++++ DATA FOR THIS TASK ++++

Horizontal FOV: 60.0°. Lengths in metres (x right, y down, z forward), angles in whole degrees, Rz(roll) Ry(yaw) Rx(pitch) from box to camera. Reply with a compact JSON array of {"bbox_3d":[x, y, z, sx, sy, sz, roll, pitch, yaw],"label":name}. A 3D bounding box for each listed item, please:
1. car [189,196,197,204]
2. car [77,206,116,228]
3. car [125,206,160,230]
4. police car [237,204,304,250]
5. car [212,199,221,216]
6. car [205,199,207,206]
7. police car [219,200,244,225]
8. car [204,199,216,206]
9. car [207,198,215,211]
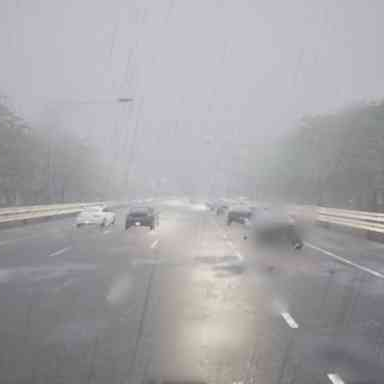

++++

# YOUR TASK
Please give again only the lines from the one containing "1. car [189,196,197,204]" through the last line of the entries above, exactly as they stand and without pictures.

# SOLVED PROBLEM
1. car [189,196,197,204]
2. car [77,206,116,228]
3. car [125,206,160,230]
4. police car [237,204,304,250]
5. car [212,199,221,216]
6. car [205,199,207,206]
7. police car [219,200,244,225]
8. car [204,199,216,206]
9. car [207,198,215,211]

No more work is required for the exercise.